Jednocześnie wskazał, że "są prowadzone dyskusje na poziomie Unii Europejskiej na temat zaostrzenia norm emisji dla pojazdów ciężarowych".
- Należy się spodziewać, że w kolejnych miesiącach także zostaną wprowadzone coraz ostrzejsza normy rejestracyjne, ale z drugiej strony nie należy zakładać, że będzie to ten sam 2035 rok, który zakończy możliwość rejestracji samochodów ciężarowych. - Przewiduje się, że w roku 2040 będzie ograniczenie do ponad 90 procent (rynku - red.)- powiedział.
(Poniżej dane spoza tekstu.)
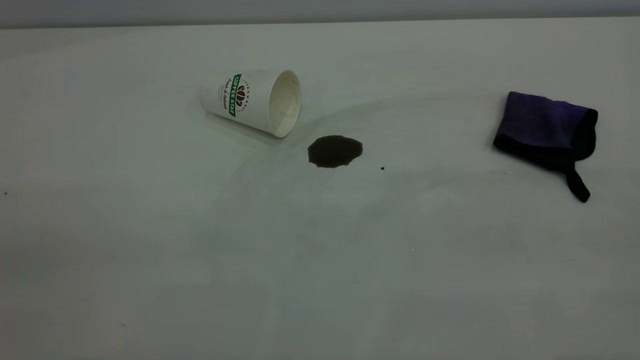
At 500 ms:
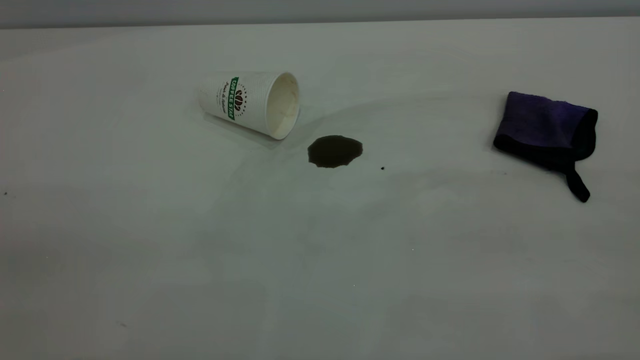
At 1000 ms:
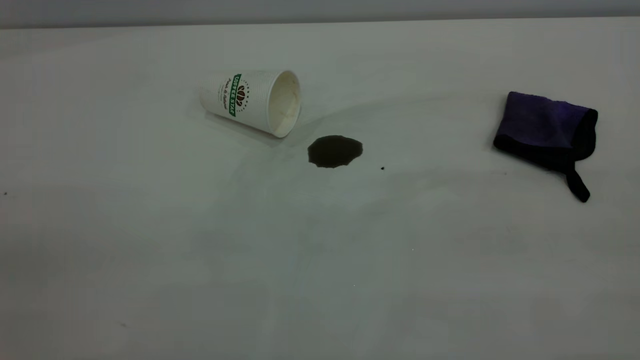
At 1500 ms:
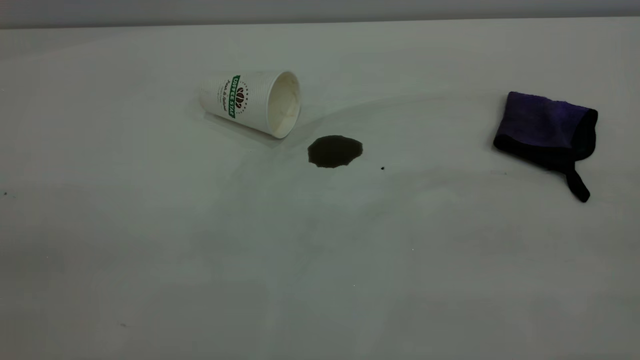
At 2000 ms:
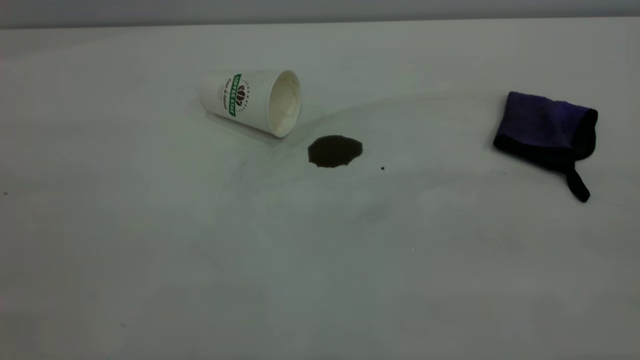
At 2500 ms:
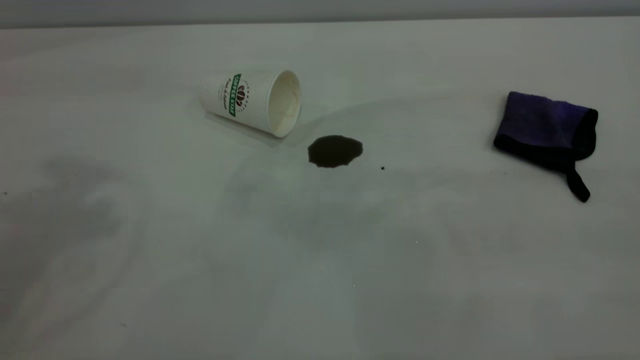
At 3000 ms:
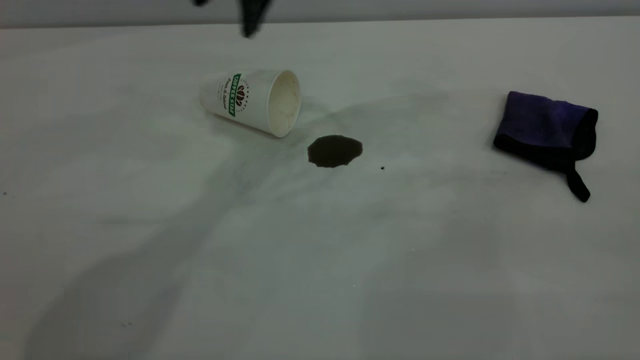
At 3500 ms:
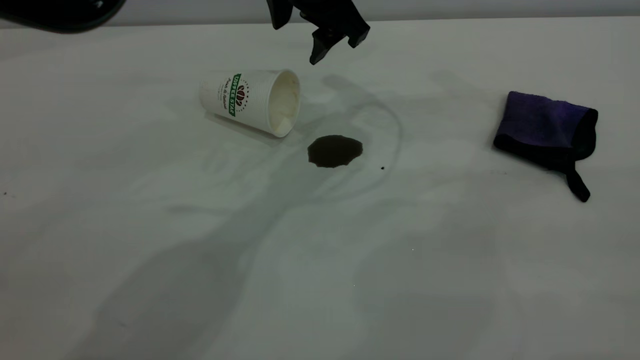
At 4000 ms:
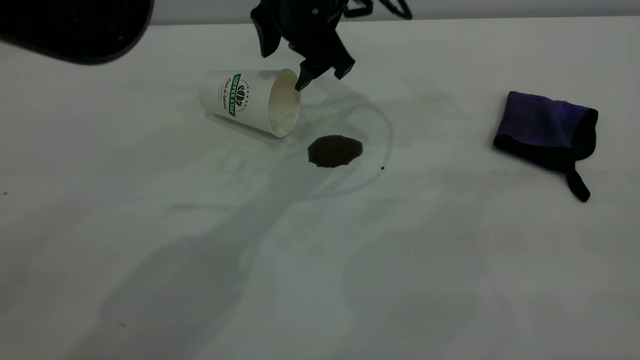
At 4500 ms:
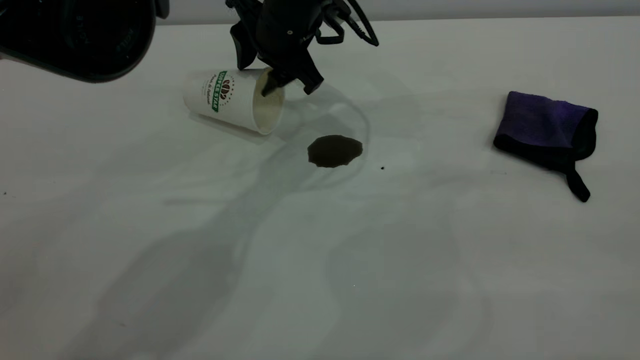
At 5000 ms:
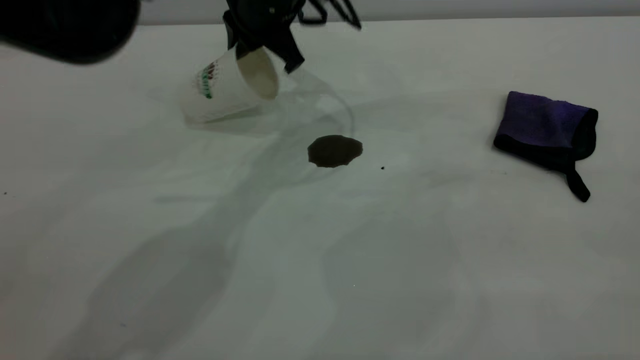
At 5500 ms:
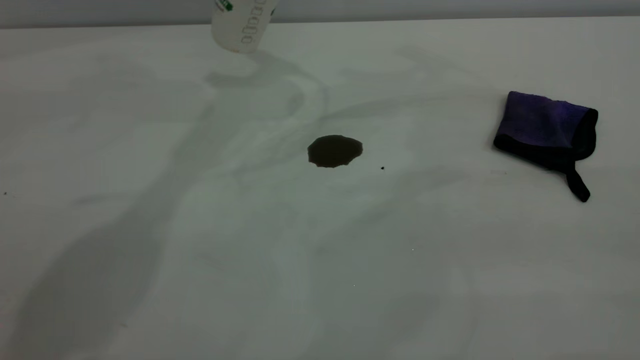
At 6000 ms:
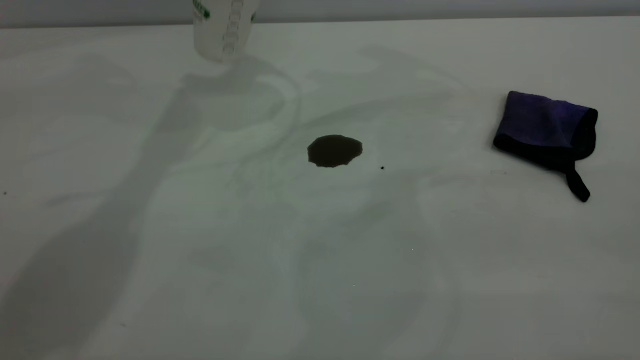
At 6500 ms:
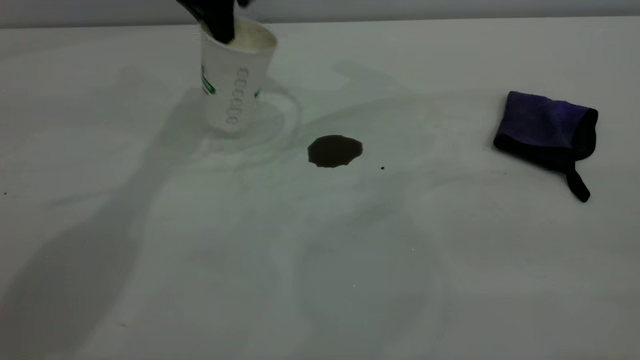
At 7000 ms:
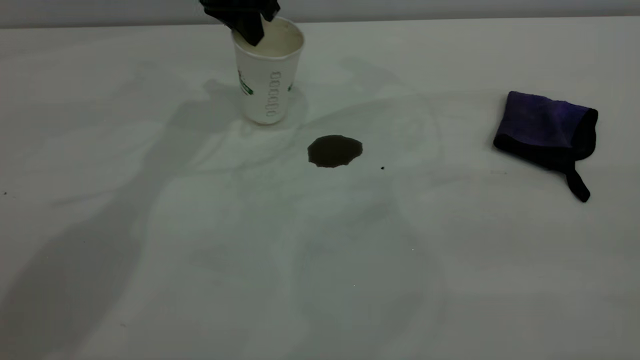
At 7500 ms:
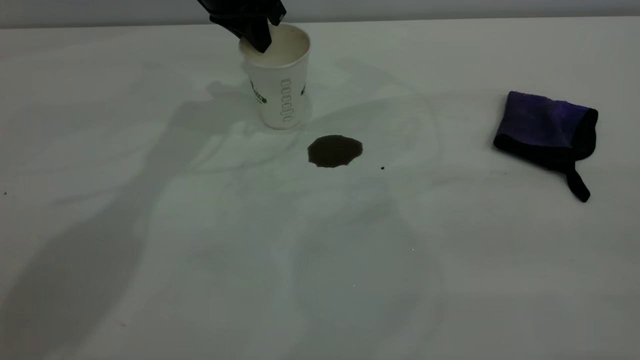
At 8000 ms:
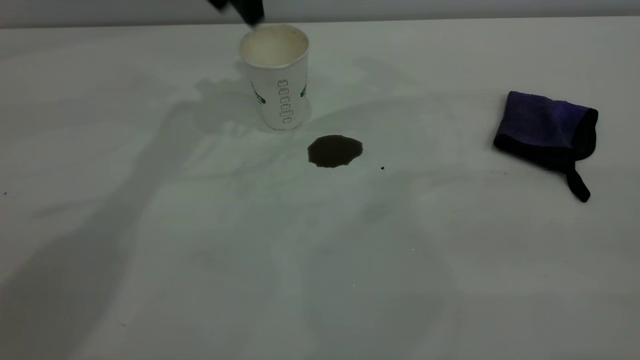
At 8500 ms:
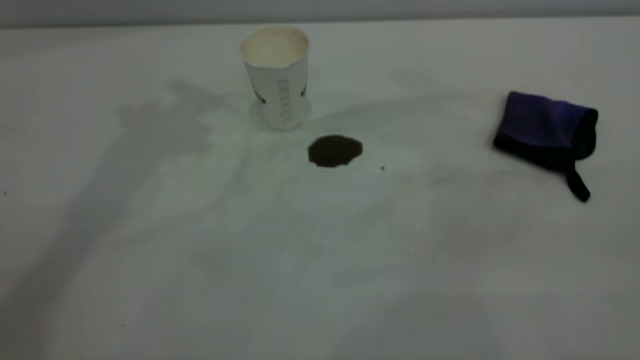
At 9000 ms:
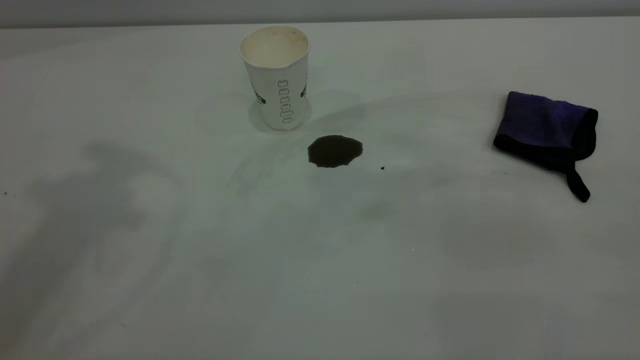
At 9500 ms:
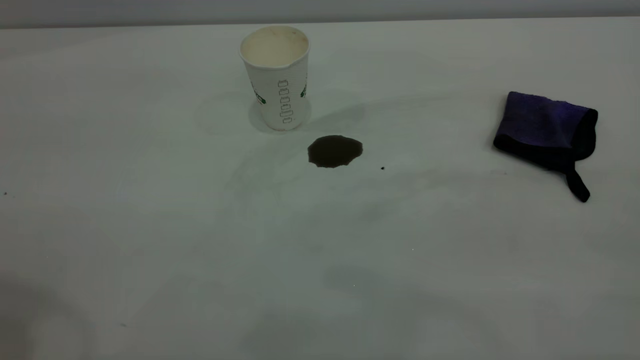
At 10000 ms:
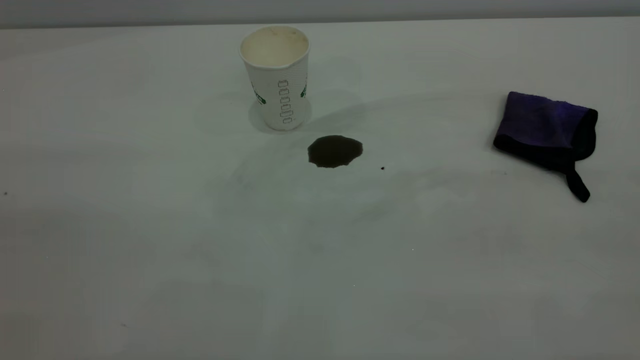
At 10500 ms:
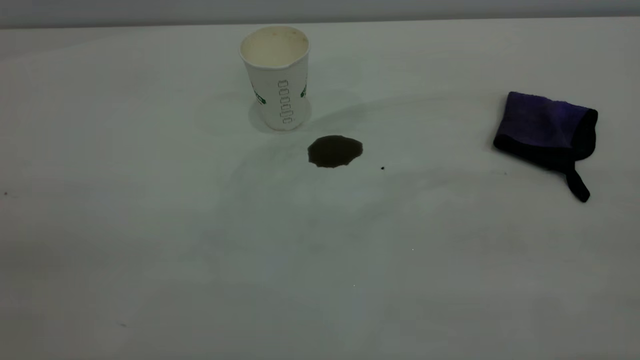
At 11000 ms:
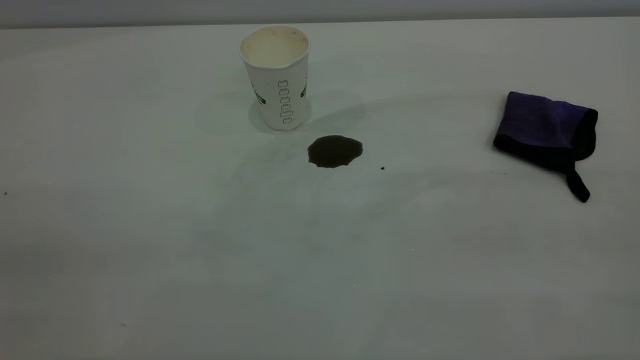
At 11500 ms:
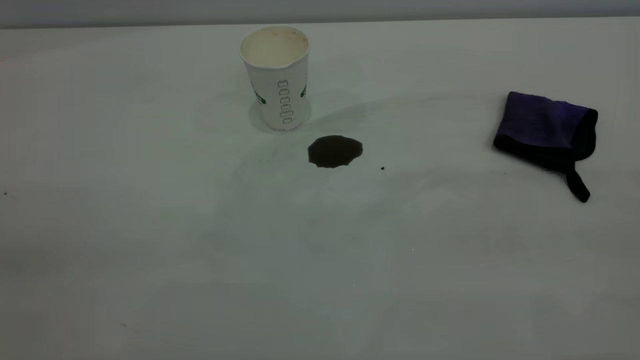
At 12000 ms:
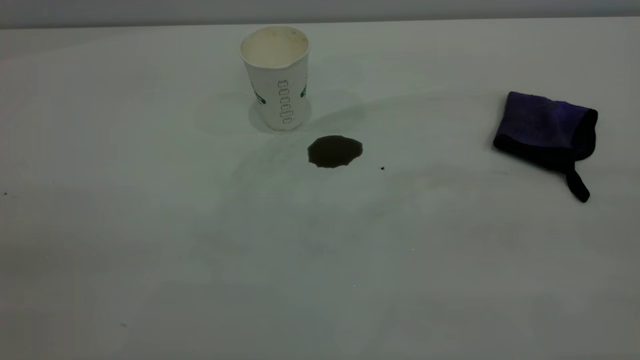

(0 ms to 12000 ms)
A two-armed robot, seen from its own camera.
Task of the whole recording: the left gripper pick up the fallen cup and place it upright, the right gripper grasp the purple rag and wipe the coffee stain on the table, the right gripper put the purple rag back in its original position.
Step, 0 ms - 7500 ms: Stand the paper cup upright.
2000 ms - 4000 ms: The left gripper is displaced forward, to the right and downward by roughly 50 cm.
4000 ms - 6000 ms: The left gripper goes approximately 20 cm upward and to the left, and closes.
6000 ms - 8000 ms: The left gripper goes downward and returns, approximately 10 cm each way, and opens its fingers.

Samochód elektryczny: tu trzeba powiedzieć jedną niestety smutną rzecz
Krzysztof Hołowczyc odniósł się w rozmowie do jakości paliw. - Będzie można produkować samochody z silnikiem spalinowym, ale będą równocześnie odpowiednie paliwa, których emisyjność jest zupełnie inna niż paliw, które w tej chwili są używane. W moim samochodzie rajdowym, którym szykuję się do Dakaru jest biopaliwo, i emisja CO2 jest o 90 procent zredukowana - podał przykład.
Ocenił, że biopaliwo jest droższe o 30 procent od benzyny. - To będzie stopniowo redukowane - stwierdził
Podkreślił, że w przypadku samochodów elektrycznych trzeba spojrzeć na proces "od początku do końca".
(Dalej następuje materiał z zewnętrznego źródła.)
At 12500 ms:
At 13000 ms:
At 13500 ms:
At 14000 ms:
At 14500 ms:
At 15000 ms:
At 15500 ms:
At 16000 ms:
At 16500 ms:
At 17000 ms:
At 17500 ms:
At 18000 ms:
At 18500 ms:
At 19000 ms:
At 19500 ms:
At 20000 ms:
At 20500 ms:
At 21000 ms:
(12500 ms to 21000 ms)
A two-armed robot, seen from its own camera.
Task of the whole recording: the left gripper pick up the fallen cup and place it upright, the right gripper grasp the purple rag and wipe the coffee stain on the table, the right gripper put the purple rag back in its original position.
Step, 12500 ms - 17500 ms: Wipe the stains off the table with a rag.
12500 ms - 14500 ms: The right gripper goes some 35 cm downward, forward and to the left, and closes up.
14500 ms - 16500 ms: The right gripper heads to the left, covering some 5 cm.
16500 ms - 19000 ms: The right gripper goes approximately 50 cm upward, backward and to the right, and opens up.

- Samochód musimy wyprodukować, i tu trzeba powiedzieć jedną niestety smutną rzecz dla samochodów elektrycznych, że baterie są najtrudniejszym elementem od strony ekologii. Zrobienie dużej porcji baterii do Tesli, to jest około 120 tysięcy kilometrów przejechanych dieslem. Czyli samochód już jest obciążony takim śladem węglowym - wyjaśnił.
Dodał: "uważam, że samochody elektryczne są nam potrzebne w systemie miejskim. Wtedy są idealne, ale już przemieszczanie się między miastami, dłuższe podróże jest uciążliwe".
Motoryzacja na baterie - wady i zalety
Maciej Mazur zauważył, że "funkcjonalnie samochody elektryczne zbliżają się do tego, co dają samochody konwencjonalne".
- Za 2, 4, 6 lat będą już przewyższały te standardy, które wyznaczają samochody konwencjonalne. Nie sprowadzajmy dyskusji do początku telefonii komórkowej w Polsce, gdzie mieliśmy wielką cegłę i mówiliśmy, że się nie da. Dziś telefony są zupełnie inne - zauważył.
- Jakiekolwiek rozwiązania skalowalne, które dadzą nam możliwość skutecznie przeciwdziałać zmianom klimatycznym, powinny być wdrażane. Na dziś motoryzacja bateryjna jest tą wiodącą technologią. Nie ma alternatywy - stwierdził. Krzysztof Hołowczyc był innego zdania. - Myli się pan bardzo. To jest wciąż mały procent - ocenił wskazując na samochody bateryjne.
- Dwanaście procent w Unii Europejskiej w zeszłym roku, to już nie jest mały procent - odpowiedział Maciej Mazur.